Süddeutsche Zeitung

Brexit-Kolumne "Affentheater":Das Grinsen der Grausamkeit

Trotz der Geschichte und des Mangels an Pflegekräften schiebt Großbritannien weiter so viele aus der Karibik stammende Einwohner ab wie nur möglich.

Kolumne von A. L. Kennedy

Ach, wir wollten so tapfer sein. Egal, welche Härten der Brexit uns zumuten mochte, wir wollten stark und allein stehen, wie damals von 1939 bis 1945. Wir würden Rationierungen begrüßen und geistreich bemerken, dass sie unserer empfindlichen, schwachbrüstigen, Bäume umarmenden Jugend ganz gut täte ...

Die Wirklichkeit? Hysterie und geleerte Supermarktregale beim ersten Hinweis auf ein Virus, das zwar potenziell tödlich ist, aber ansonsten Menschen in Selbstisolation bloß zwei oder drei Wochen ans Haus fesseln würde. Inzwischen warnen Politiker, dass gestörte Lieferketten und geschlossene Märkte schlecht seien. Ach wirklich? Matt Hancock, Gesundheitsminister - und der eigenartig ölige Nachbar, dem man nicht mal seinen Goldfisch übers Wochenende anvertrauen würde - wird in einer Krise bestimmt zu großer Form auflaufen. Seine Behauptung, er habe sich mit den Supermarktketten abgesprochen, um die Lebensmittelversorgung sicherzustellen, wurde von den Supermärkten sogleich als "absolut erfunden" dementiert. Etwas zu sagen ist noch nicht das gleiche wie es zu tun, nicht einmal auf diesem feuchten Felsen, der von magischem Denken beherrscht wird. Dem nationalen Gesundheitsdienst fehlen 43 000 Pflegekräfte, und die grauenhaft schlechte Bezahlung liegt unter der neuen Einkommensschwelle für Einwanderer, weshalb ausländische Bewerber nicht herkommen und uns am Sterben hindern können. Ah, und extreme Armut sorgt gerade für einen Anstieg der Kindersterblichkeit. Aber Matt hat eine prachtvolle Stirn. Das lässt sich nicht leugnen.

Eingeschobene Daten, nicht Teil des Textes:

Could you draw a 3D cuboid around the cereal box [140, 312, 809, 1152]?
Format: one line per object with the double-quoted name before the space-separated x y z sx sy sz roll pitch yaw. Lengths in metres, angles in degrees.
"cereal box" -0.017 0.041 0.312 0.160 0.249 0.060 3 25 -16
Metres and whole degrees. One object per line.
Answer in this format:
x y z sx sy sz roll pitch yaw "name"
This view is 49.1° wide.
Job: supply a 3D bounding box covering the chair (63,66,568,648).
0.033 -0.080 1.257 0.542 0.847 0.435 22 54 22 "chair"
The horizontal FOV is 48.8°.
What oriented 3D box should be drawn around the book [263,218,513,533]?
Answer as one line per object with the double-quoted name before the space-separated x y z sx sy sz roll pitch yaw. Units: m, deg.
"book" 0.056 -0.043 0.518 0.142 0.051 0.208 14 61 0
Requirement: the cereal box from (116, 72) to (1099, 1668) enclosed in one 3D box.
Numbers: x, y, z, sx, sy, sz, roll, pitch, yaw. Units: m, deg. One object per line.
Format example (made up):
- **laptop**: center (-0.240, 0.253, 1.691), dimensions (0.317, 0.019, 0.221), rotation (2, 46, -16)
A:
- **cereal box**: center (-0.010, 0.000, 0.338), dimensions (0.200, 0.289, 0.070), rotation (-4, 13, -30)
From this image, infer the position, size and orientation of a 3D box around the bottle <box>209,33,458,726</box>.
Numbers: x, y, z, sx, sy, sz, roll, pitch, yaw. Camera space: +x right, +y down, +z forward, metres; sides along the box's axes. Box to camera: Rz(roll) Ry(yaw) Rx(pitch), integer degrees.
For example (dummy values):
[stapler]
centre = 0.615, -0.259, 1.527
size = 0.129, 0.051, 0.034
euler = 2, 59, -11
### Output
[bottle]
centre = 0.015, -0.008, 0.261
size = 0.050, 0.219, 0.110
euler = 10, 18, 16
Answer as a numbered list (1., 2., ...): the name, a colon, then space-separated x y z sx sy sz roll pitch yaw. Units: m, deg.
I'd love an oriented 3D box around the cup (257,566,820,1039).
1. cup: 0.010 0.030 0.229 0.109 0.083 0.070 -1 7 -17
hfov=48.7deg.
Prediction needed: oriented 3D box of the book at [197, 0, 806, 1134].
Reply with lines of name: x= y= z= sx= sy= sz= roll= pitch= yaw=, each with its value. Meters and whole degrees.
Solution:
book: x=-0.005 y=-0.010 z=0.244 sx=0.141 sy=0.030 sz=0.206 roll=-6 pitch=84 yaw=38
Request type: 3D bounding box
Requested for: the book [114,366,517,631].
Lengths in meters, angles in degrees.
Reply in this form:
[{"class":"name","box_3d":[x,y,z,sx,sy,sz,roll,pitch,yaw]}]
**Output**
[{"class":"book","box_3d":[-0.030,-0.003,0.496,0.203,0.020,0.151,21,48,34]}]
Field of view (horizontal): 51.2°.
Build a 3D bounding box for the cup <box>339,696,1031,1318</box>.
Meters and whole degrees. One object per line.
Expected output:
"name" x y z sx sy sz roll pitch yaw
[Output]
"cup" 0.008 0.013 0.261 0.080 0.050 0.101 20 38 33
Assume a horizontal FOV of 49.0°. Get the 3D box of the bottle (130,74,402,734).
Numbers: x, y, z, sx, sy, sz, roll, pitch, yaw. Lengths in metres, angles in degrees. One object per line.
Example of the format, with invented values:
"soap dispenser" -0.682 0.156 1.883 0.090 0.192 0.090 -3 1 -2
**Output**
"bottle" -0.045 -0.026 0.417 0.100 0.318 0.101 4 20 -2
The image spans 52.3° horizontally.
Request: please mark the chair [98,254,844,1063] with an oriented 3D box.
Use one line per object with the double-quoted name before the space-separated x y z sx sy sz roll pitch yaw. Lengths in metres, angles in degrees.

Ein No-Deal-Brexit wird die Lieferketten nicht bloß Wochen, sondern mindestens drei Monate lang zerhauen, und jetzt kriegen wir einen kleinen Vorgeschmack auf #Panickkäufe. (Wir sind so panisch, dass wir Panik nicht mehr richtig schreiben können.) Hamsterkäufe bei Toilettenpapier häufen sich, dabei führt Covid-19 nur selten zu gesteigertem Papierverbrauch. Wenn wir mal hinter unsere verzerrten Weltkriegsfantasien schauen, haben wir allen Grund zur Angst. Während des Zweiten Weltkriegs halfen uns alle freien Mächte Europas. Jetzt können wir uns nicht mal überwinden, dem Europäischen Netzwerk zur Grippe-Überwachung beizutreten, bloß weil es das Wort "europäisch" enthält. Wir genossen massive Unterstützung durch die Armeen der Commonwealth-Staaten - allein aus Indien 2,5 Millionen Soldaten, 10 000 aus der Karibik. Jetzt fürchten wir die zunehmende Wirtschaftskraft der Inder und sind beleidigt ob ihrer Schadenfreude angesichts unseres selbst verschuldeten Niedergangs. Wir deportieren weiterhin so viele aus der Karibik stammende Einwohner wie nur möglich, in manchen Fällen widerrechtlich und mit tödlichen Folgen.

Wir kaufen derzeit etwa 90 Prozent aller russischen Goldexporte

Nach monatelangen Gerüchten kann unsere Innenministerin Priti Patel (schon einmal wegen des Verdachts der Einflussnahme zugunsten Israels zum Rücktritt gezwungen) die Vorwürfe nicht mehr unterdrücken, dass sie Regierungsbeamte eingeschüchtert und schikaniert hat, die so leichtsinnig waren, sie auf die Gesetzwidrigkeit ihrer Entscheidungen hinzuweisen. Während Popo der Premierminister selbstgefällig lächelt, wenn er die unglaublichsten Unwahrheiten äußert, kann Priti bei der Beschreibung von Grausamkeiten nie genau jenes Grinsen unterdrücken, das Sie erwarten würden, wenn Sie auf einem Operationstisch festgeschnallt in der Garage einer Unbekannten zu sich kommen.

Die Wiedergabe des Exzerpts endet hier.